Question #8f16a

1 Answer
Jun 14, 2016

(1)

Chromium(III) has an oxidation number of #"III"#. Alone, this doesn't tell us enough information, but oxide is the name of the #"O"^(2-)# anion. So, we know that #"Cr"# has to have a positive oxidation state with a magnitude of #3#.

Therefore, we can say that chromium(III) oxide contains the #"Cr"^(color(blue)(3+))# and #"O"^(color(red)(2-))# ions. To balance out the charges and generate a compound:

  • The magnitude of the anion charge becomes the subscript of the cation.
  • The magnitude of the cation charge becomes the subscript of the anion.

With #"Cr"^(color(blue)(3+))# and #"O"^(color(red)(2-))#, we have...

#-># #"Cr"_color(red)(2)"O"_color(blue)(3)#

(2)

  • Option A gives us #(n,l,m_l) = (2,0,0)#. This is possible, since it correlates with a #2s# orbital, for which #n = 2# and #l = 0#. By definition, if #l = 0#, #m_l = {0}#, which makes sense because there exists only one #2s# orbital.

  • Option B is also possible, since #(n,l,m_l) = (2,1,-1)#, and if #l = 1#, #m_l = {0, pm1}#. This is simply one of the #2p# orbitals, since for #l = 1#, we are looking at a #p# orbital.

  • Option C is again possible. For #n = 3# instead of #2#, we just now have a #3p# orbital. A #2p# orbital exists, therefore a #3p# orbital exists.

  • Option D, where #(n,l,m_l) = (1,1,1)# couldn't work, because #n = 1#. By definition, #l = 0, 1, . . . , n - 1#. Since #n - 1 = 0#, this is self-contradictory. When #l = 0#, #l# cannot equal #1#.

Hence, option D gives the uh... correctly incorrect configuration.

(3)

Recall the equation for the de Broglie wavelength (not to be confused with the Compton wavelength):

#\mathbf(lambda_("dB") = h/p = h/(mv))#

You were already given the mass #m# and the speed #v#, and you should have Planck's constant #h = 6.626xx10^(-34) "J"cdot"s"# on-hand or memorized. #p = mv# is the classical momentum from physics.

Hence, you can solve for #lambda# (without a calculator) to get:

#color(blue)(lambda) = (6.626xx10^(-34) "J"cdot"s")/("2.0 kg"xx"50 m/s")#

#= (6.626xx10^(-34) cancel("kg")cdot"m"^cancel(2)"/"cancel("s"^2)cdotcancel("s"))/("2.0" cancel("kg")xx50 cancel("m")"/"cancel("s"))#

#= (6.626xx10^(-34))/(100) "m"#

#= color(blue)(6.626xx10^(-36) "m")#

You can figure out how to round this to find the answer in your choices.

(4)

Nitrogen is on row #2#, column #15#. Starting from #"He"#'s known configuration of #1s^2#, we add on the #2s# and #2p# electrons.

#1s^2 => "He"# configuration
#1s^2 2s^1 => "Li"# configuration
#1s^2 2s^2 => "Be"# configuration
#1s^2 2s^2 2p^1 => "B"# configuration
#1s^2 2s^2 2p^2 => "C"# configuration
#1s^2 2s^2 2p^3 => "N"# configuration

So that would explain why all configurations given as answer choices have exactly #7# electrons.

Now, recall:

  • Aufbau principle: electrons fill orbitals in order from lowest to highest energy.
  • Hund's rule: Electrons generally fill each orbital one electron at a time (in order to maximize the number of parallel electron spins).
  • Pauli Exclusion Principle: Each orbital can only contain two electrons, and they must be different spins. One must be #+1/2# (spin-up) if the other is #-1/2# (spin-down).

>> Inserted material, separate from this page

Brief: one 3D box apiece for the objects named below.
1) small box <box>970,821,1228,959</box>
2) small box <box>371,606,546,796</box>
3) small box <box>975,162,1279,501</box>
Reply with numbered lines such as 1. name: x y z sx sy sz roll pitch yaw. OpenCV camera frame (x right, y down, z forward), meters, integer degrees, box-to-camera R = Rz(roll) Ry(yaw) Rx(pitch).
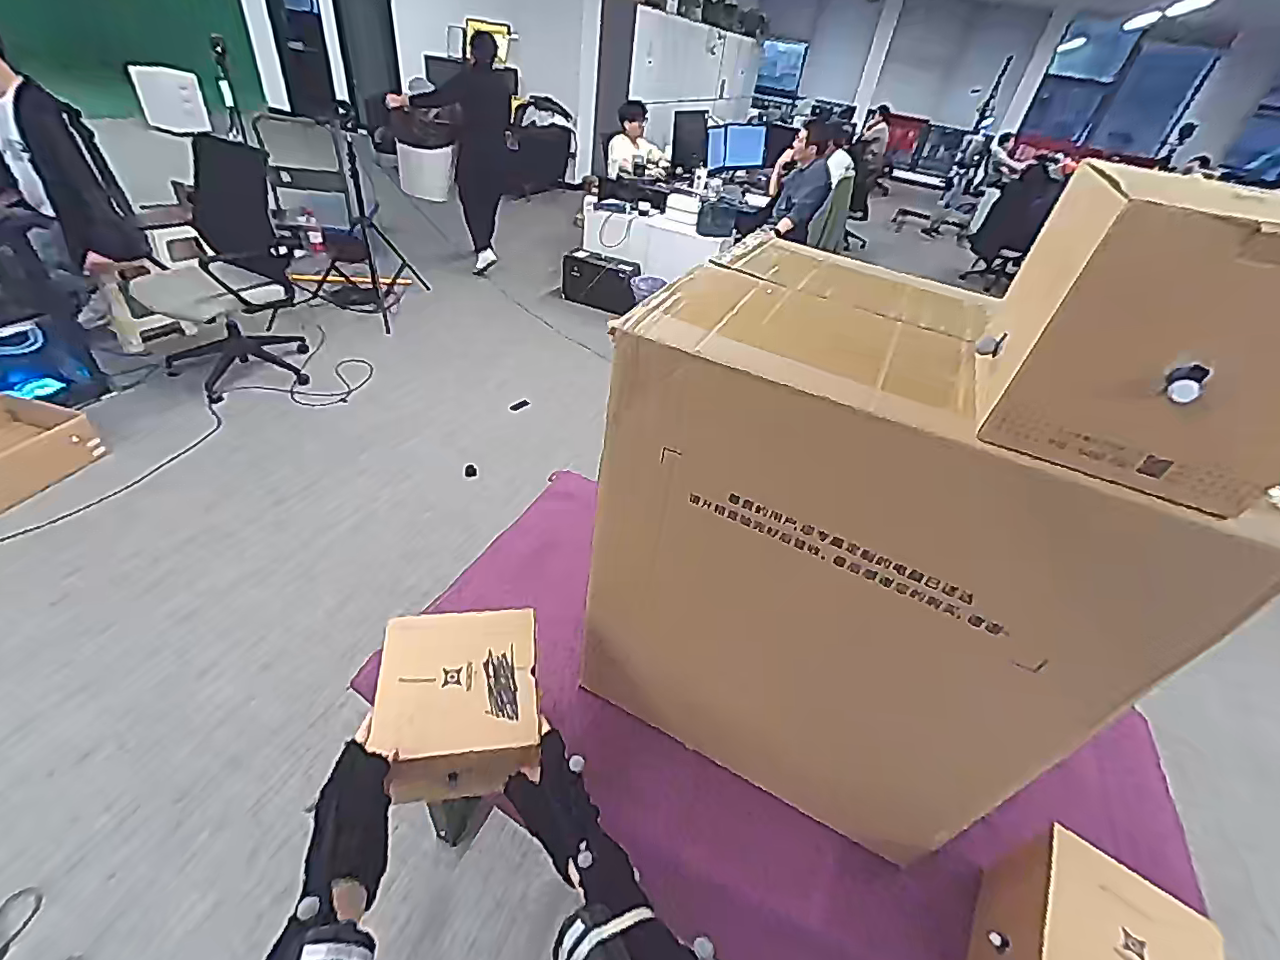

Hence, only option D is correct.

Option A is less stable because two electrons are paired in the #2p# orbitals when that creates coulombic repulsions and destabilizes the configuration. It goes against the notions of Hund's rule.

Option B is impossible, because the second electron spin is violating the Pauli Exclusion Principle in the #2s# orbital. If two electrons have the same spin in the same orbital, they disappear.

Option C is impossible for the same reason, except the #1s# orbital is problematic.